### EXERCISE DETAILS
From the listing below, reproduce word for word the part that opens with the line containing "Page size: 1754x1241." and closes with the line containing "table_cell [452, 1036, 533, 1102]"; reproduce nothing else.

··· DATA FOR THIS EXERCISE ···

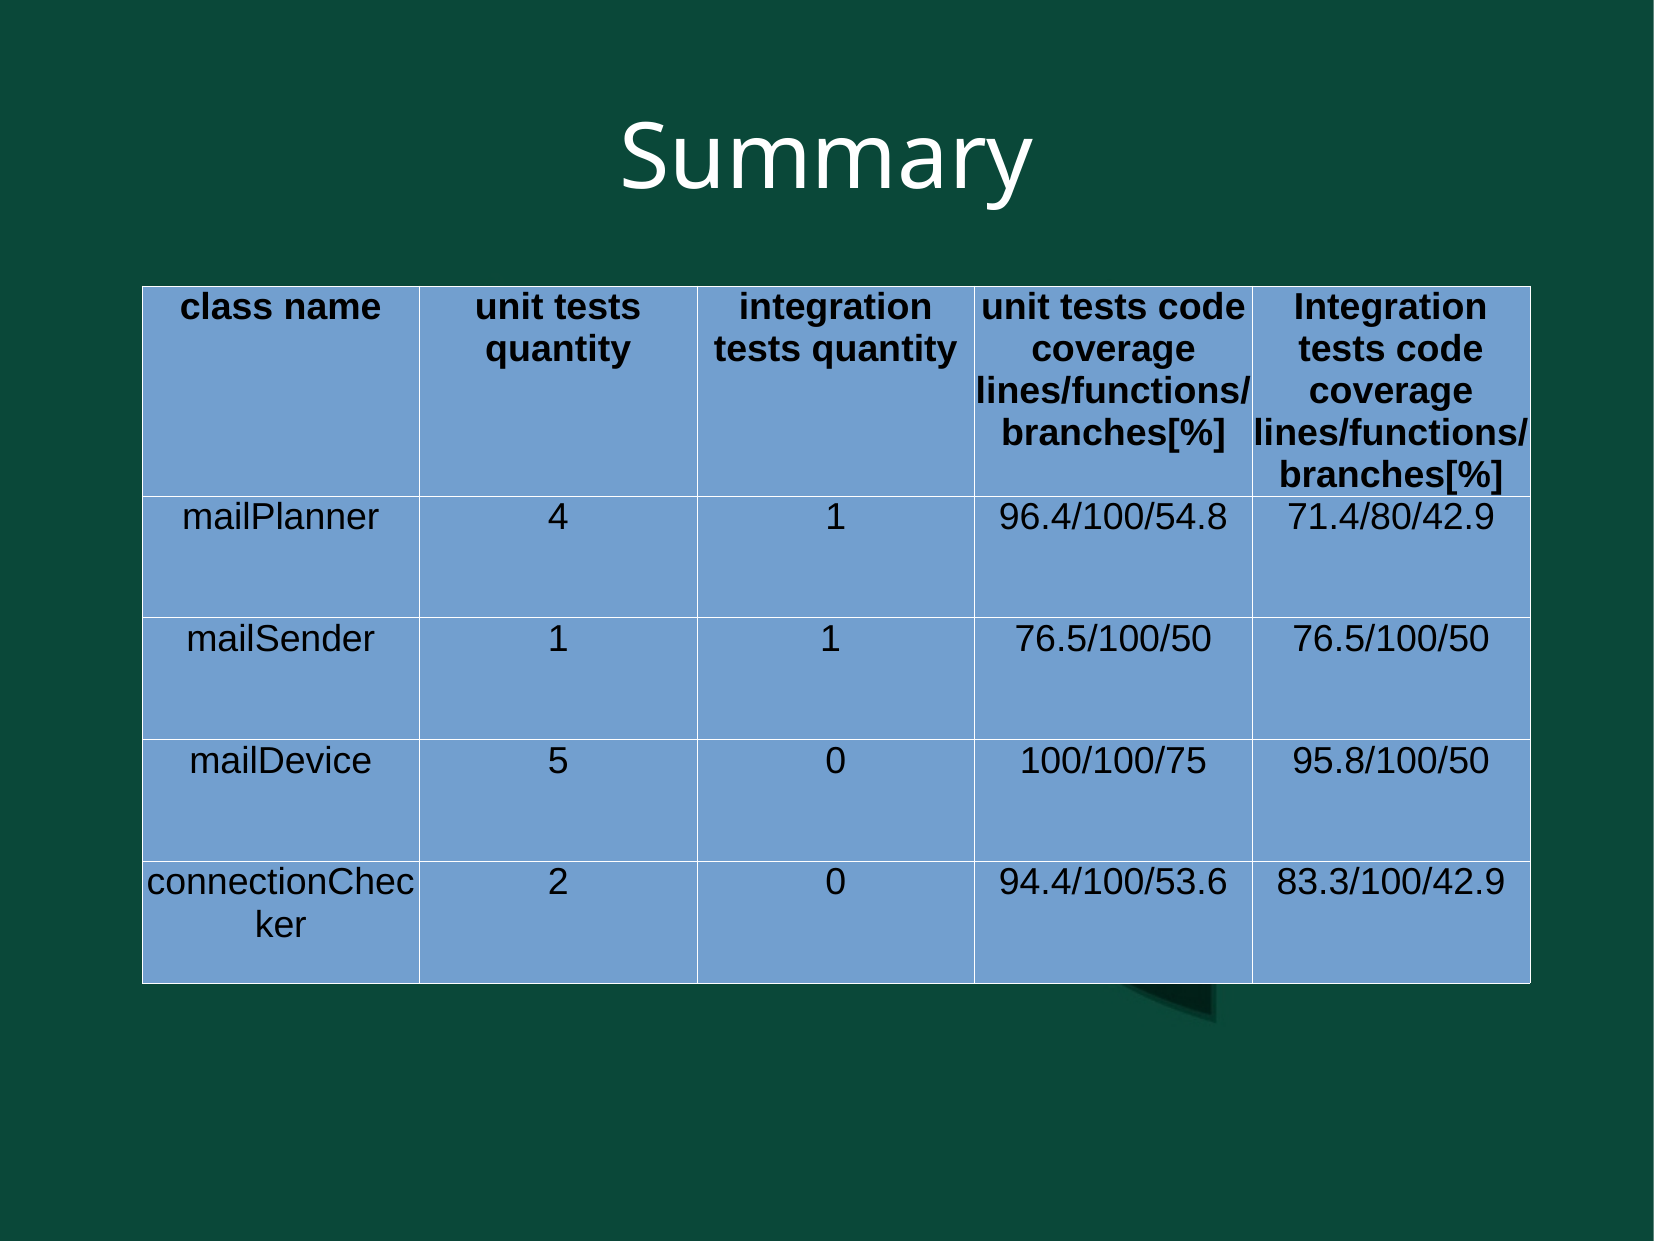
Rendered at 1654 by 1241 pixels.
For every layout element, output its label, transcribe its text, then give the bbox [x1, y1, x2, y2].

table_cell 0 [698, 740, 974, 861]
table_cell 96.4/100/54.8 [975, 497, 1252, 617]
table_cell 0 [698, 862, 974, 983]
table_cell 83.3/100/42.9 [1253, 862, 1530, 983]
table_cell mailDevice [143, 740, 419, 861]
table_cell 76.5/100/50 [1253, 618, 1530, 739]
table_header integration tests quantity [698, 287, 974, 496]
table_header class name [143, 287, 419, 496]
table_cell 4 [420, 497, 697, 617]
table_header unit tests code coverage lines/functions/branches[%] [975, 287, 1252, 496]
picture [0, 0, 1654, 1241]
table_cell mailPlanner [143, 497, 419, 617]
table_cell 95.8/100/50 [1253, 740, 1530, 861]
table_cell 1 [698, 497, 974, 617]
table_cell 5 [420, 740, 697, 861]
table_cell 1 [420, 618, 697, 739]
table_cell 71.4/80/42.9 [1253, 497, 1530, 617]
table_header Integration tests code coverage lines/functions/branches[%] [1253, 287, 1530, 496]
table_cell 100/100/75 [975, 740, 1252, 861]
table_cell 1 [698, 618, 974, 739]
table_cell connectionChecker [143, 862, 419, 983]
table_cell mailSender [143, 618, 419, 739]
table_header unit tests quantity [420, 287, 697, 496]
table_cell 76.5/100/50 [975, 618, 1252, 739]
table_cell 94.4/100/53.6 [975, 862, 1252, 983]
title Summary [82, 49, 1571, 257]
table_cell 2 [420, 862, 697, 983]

···
··· DATA FOR THIS EXERCISE ···

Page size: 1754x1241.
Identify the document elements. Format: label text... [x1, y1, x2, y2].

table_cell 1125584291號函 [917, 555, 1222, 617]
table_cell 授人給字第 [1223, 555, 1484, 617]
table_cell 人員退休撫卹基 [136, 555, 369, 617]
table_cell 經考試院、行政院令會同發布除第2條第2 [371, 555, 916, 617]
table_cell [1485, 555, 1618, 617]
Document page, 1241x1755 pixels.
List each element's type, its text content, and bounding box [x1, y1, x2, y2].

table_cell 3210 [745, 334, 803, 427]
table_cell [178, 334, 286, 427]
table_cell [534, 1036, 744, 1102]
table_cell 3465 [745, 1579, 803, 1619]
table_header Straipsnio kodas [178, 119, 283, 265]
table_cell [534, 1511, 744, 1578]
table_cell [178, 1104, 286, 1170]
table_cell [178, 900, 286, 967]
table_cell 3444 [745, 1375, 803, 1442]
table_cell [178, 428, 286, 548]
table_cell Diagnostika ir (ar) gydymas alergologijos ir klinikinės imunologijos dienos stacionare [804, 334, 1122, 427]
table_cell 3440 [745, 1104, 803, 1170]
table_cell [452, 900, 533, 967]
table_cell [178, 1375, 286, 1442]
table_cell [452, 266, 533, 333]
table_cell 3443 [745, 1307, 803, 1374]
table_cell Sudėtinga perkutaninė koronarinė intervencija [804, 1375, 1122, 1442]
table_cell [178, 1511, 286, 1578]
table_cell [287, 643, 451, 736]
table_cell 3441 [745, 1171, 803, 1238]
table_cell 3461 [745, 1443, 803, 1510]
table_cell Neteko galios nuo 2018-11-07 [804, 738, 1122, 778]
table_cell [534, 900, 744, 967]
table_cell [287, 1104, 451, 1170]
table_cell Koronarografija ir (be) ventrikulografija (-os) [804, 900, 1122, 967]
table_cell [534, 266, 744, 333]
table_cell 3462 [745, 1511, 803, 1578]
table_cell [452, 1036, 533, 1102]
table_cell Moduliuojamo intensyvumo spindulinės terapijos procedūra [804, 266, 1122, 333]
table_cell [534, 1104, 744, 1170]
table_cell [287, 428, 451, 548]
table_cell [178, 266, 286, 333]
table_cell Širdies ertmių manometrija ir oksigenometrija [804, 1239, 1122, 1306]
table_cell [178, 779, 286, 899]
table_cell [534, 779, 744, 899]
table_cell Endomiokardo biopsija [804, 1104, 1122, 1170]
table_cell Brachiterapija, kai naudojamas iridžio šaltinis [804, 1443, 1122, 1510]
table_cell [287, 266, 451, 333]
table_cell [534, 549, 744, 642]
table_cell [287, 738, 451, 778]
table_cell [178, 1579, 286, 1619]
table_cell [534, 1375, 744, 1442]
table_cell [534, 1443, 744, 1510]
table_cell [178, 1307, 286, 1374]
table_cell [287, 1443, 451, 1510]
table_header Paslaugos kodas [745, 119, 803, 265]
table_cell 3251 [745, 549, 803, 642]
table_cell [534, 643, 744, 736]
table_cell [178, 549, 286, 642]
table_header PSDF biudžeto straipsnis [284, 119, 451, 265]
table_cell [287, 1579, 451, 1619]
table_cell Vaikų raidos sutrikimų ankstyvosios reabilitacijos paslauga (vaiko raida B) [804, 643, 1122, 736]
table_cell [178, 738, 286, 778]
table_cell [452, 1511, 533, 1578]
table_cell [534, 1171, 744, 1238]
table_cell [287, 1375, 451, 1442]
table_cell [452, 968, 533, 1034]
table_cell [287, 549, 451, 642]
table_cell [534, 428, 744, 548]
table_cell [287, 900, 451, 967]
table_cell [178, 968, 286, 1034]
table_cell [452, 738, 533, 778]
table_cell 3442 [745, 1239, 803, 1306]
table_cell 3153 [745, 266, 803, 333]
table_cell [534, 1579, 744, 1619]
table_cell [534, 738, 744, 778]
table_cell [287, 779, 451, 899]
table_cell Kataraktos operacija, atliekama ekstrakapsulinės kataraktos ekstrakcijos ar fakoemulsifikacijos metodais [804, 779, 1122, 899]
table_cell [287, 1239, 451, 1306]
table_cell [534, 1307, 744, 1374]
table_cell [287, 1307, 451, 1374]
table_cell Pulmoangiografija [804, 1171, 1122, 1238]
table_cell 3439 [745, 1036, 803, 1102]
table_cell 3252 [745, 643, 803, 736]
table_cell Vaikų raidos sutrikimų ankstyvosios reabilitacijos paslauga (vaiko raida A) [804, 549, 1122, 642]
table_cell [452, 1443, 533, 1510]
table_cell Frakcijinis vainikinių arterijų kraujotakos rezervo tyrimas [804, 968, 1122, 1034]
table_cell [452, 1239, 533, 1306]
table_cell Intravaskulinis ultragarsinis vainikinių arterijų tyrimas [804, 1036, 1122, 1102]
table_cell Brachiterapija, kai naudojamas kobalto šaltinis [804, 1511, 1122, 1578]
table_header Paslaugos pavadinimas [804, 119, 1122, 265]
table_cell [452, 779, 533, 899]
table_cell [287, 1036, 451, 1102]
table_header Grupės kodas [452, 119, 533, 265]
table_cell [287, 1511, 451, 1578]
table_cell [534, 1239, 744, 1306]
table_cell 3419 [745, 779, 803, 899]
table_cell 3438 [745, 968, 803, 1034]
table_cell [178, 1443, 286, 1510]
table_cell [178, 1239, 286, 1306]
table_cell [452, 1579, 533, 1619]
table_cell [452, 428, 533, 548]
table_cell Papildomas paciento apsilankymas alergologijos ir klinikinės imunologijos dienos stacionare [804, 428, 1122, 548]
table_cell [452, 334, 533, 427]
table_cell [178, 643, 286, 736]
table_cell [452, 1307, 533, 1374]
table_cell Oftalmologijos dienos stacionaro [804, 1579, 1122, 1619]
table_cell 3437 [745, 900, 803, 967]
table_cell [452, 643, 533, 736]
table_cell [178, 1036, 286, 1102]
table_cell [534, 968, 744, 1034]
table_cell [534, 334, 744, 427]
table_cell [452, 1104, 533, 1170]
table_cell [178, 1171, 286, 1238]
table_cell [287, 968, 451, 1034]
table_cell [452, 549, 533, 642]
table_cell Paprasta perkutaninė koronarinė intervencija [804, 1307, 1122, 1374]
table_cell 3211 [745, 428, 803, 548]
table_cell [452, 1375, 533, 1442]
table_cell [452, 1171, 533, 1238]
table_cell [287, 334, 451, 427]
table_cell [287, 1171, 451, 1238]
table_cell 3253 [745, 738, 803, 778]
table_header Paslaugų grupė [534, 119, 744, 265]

···

### ANSWER FOR THIS EXERCISE
Page size: 1754x1241.
Identify the document elements. Format: label text... [x1, y1, x2, y2].

table_cell 1125584291號函 [917, 555, 1222, 617]
table_cell 授人給字第 [1223, 555, 1484, 617]
table_cell 人員退休撫卹基 [136, 555, 369, 617]
table_cell 經考試院、行政院令會同發布除第2條第2 [371, 555, 916, 617]
table_cell [1485, 555, 1618, 617]
Document page, 1241x1755 pixels.
List each element's type, its text content, and bounding box [x1, y1, x2, y2].

table_cell 3210 [745, 334, 803, 427]
table_cell [178, 334, 286, 427]
table_cell [534, 1036, 744, 1102]
table_cell 3465 [745, 1579, 803, 1619]
table_header Straipsnio kodas [178, 119, 283, 265]
table_cell [534, 1511, 744, 1578]
table_cell [178, 1104, 286, 1170]
table_cell [178, 900, 286, 967]
table_cell 3444 [745, 1375, 803, 1442]
table_cell [178, 428, 286, 548]
table_cell Diagnostika ir (ar) gydymas alergologijos ir klinikinės imunologijos dienos stacionare [804, 334, 1122, 427]
table_cell 3440 [745, 1104, 803, 1170]
table_cell [452, 900, 533, 967]
table_cell [178, 1375, 286, 1442]
table_cell [452, 266, 533, 333]
table_cell 3443 [745, 1307, 803, 1374]
table_cell Sudėtinga perkutaninė koronarinė intervencija [804, 1375, 1122, 1442]
table_cell [178, 1511, 286, 1578]
table_cell [287, 643, 451, 736]
table_cell 3441 [745, 1171, 803, 1238]
table_cell 3461 [745, 1443, 803, 1510]
table_cell Neteko galios nuo 2018-11-07 [804, 738, 1122, 778]
table_cell [534, 900, 744, 967]
table_cell [287, 1104, 451, 1170]
table_cell Koronarografija ir (be) ventrikulografija (-os) [804, 900, 1122, 967]
table_cell [534, 266, 744, 333]
table_cell 3462 [745, 1511, 803, 1578]
table_cell [452, 1036, 533, 1102]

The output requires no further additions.